Causal Inference
Evaluating the effects of New Jersey’s extreme risk protection order law on firearm violence among men and women Aayush Chitransh* Aayush Chitransh Chitransh New Jersey Institute of Technology
Statement of purpose:
In 2019, New Jersey implemented an Extreme Risk Protection Order (ERPO) law to reduce firearm-related violence. Evidence suggests that ERPO laws may affect firearm homicide rates differently for men and women. It is also plausible that those effects can be attributed to cities’ violence burden and law implementation practices. In New Jersey in particular, Camden, Elizabeth, Jersey City, Newark, Paterson and Trenton comprise approximately 12% percent of the state’s population yet account for 53% of fatal and non-fatal shootings.
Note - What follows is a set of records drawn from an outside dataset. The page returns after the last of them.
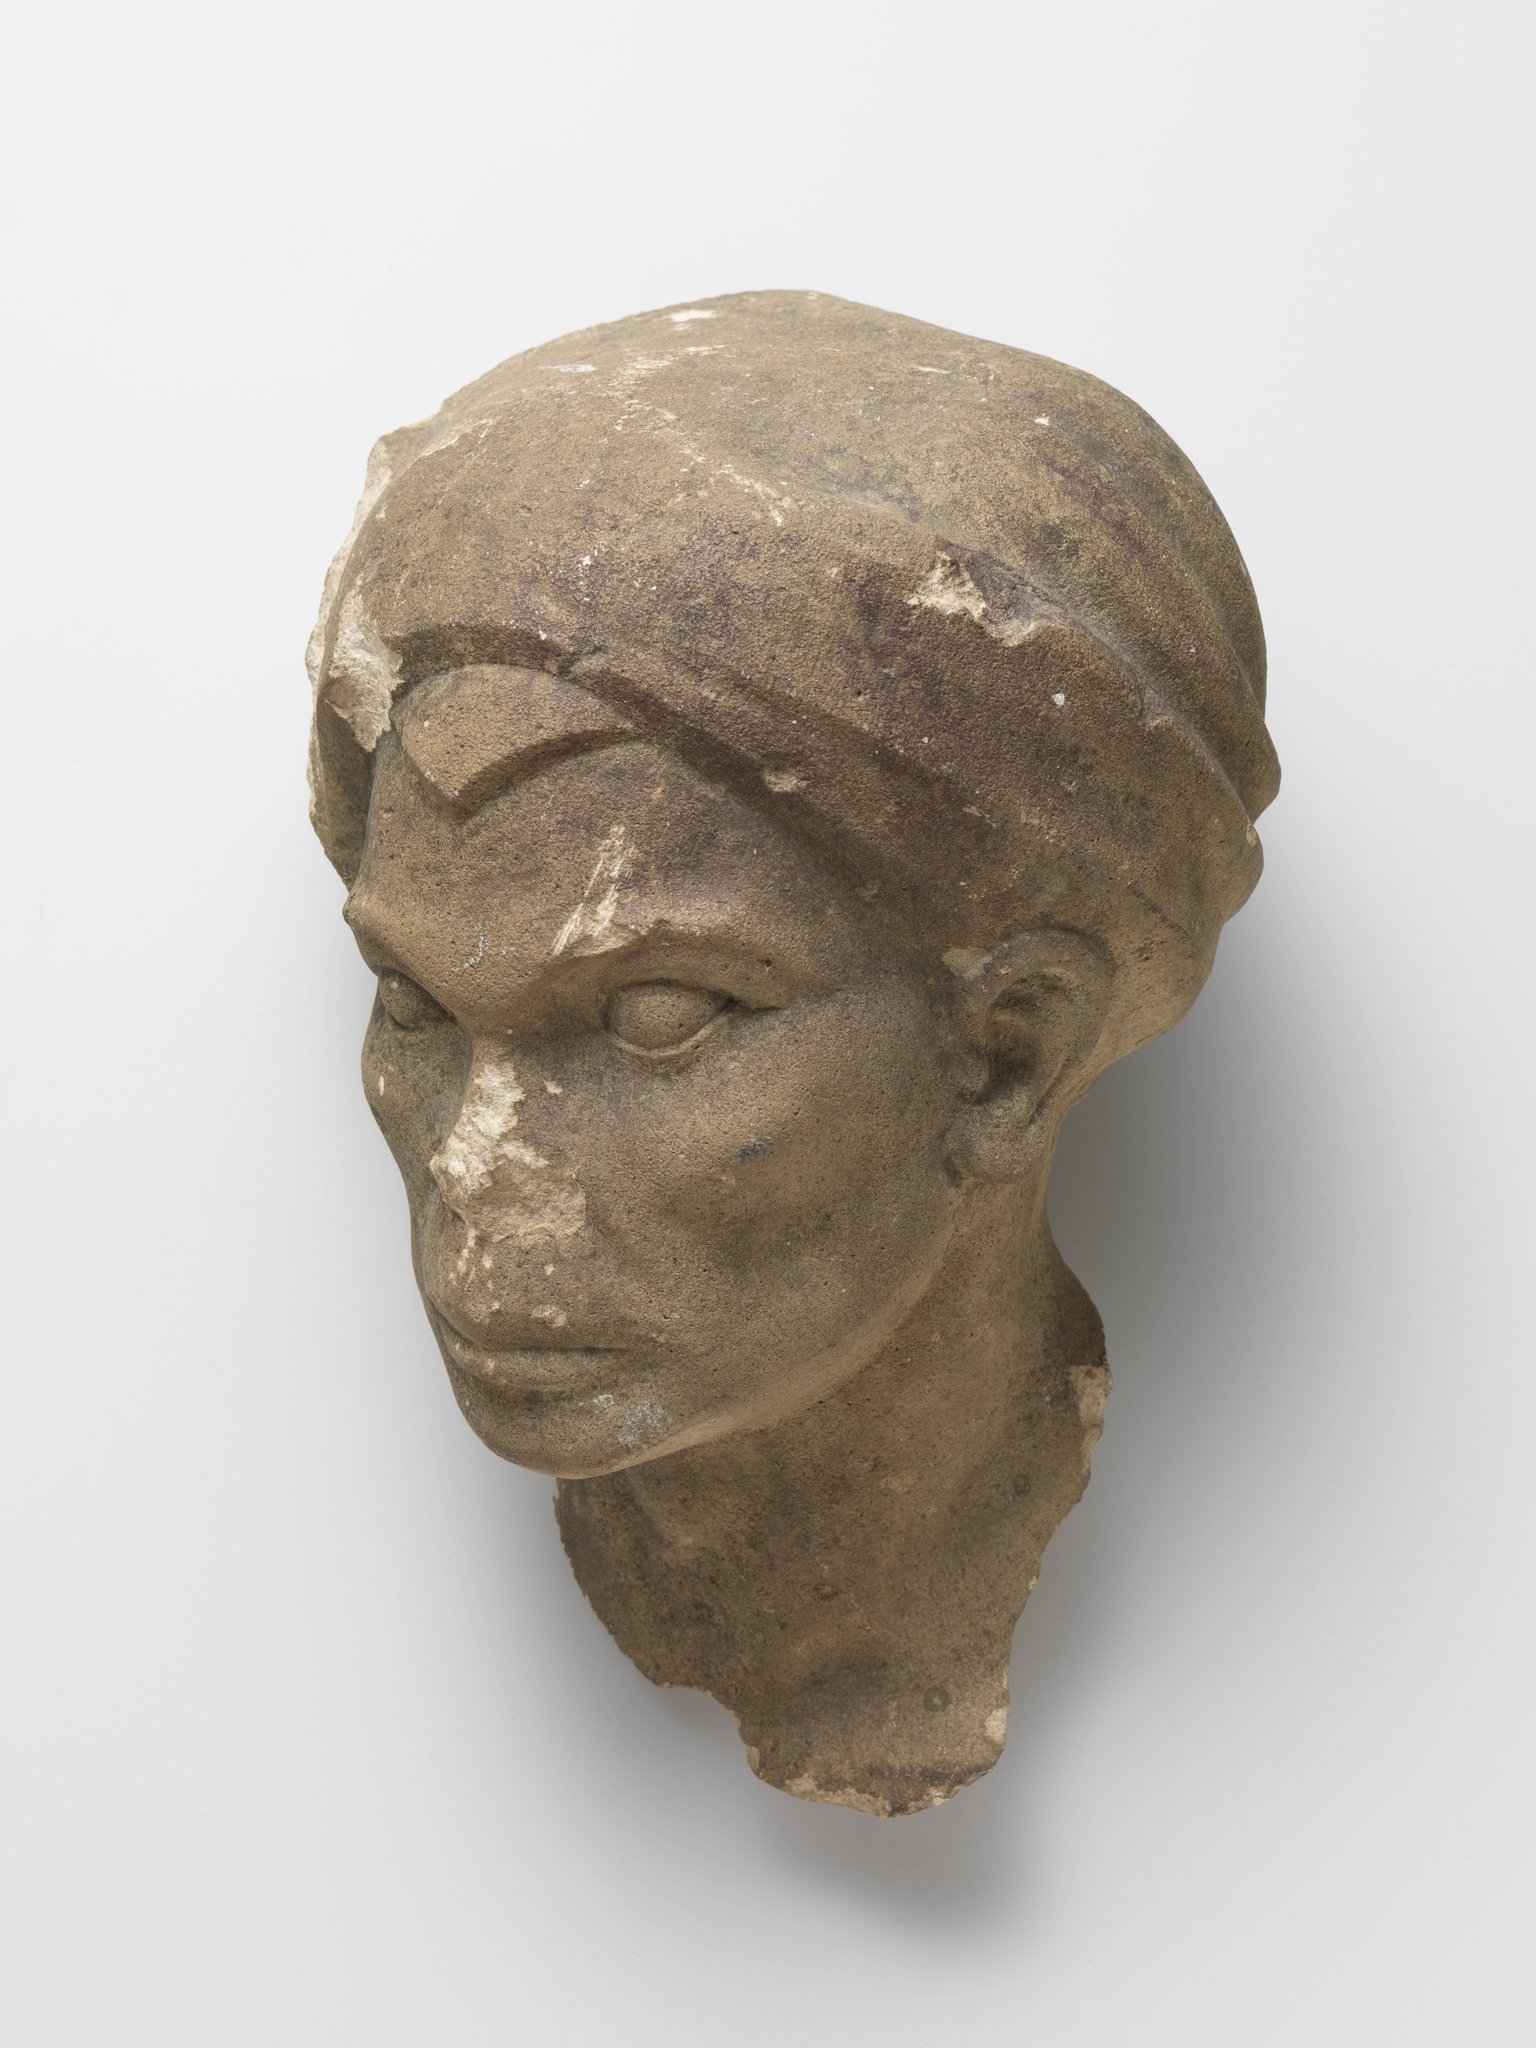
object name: figure
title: Kop van Javaan van Van Heutsz monument Batavia
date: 1932
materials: stone
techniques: hewing
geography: batavia
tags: dutch east indies, the, batavia
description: The Van Heutsz monument in Batavia was twelve metres high, twenty metres deep and sixteen metres across.

This study evaluated the causal effect of ERPO law on firearm homicide between men and women across six counties that housed these cities: Camden, Union, Hudson, Essex, Passaic, and Mercer, respectively.
Method:
We used the Augmented Synthetic Control Method to evaluate the effectiveness of the ERPO law on men and women in the six counties. First, we considered the impact of the law at the county level and then we applied the same framework separately for men and women. Control units included all counties from the eight most geographically proximate states that had not implemented an ERPO law: Kentucky, Maine, New Hampshire, North Carolina, Ohio, Pennsylvania, Tennessee, and West Virginia.
Result and conclusion:
When considering the entire population, the law was observed to reduce firearm homicides in Camden, Essex, Hudson and Union counties, but not in Mercer and Passaic. Among men, similar reduction in firearm homicide rates was observed in the four aforementioned counties. Only in Union did firearm homicide rates decline for women.
Significance:
Results suggest that the ERPO law had a significant impact in four of the six counties, with stronger effects observed among male subgroups. Further analysis could consider city-level comparisons between high- and low-crime areas to better understand local variation in policy outcomes by gender.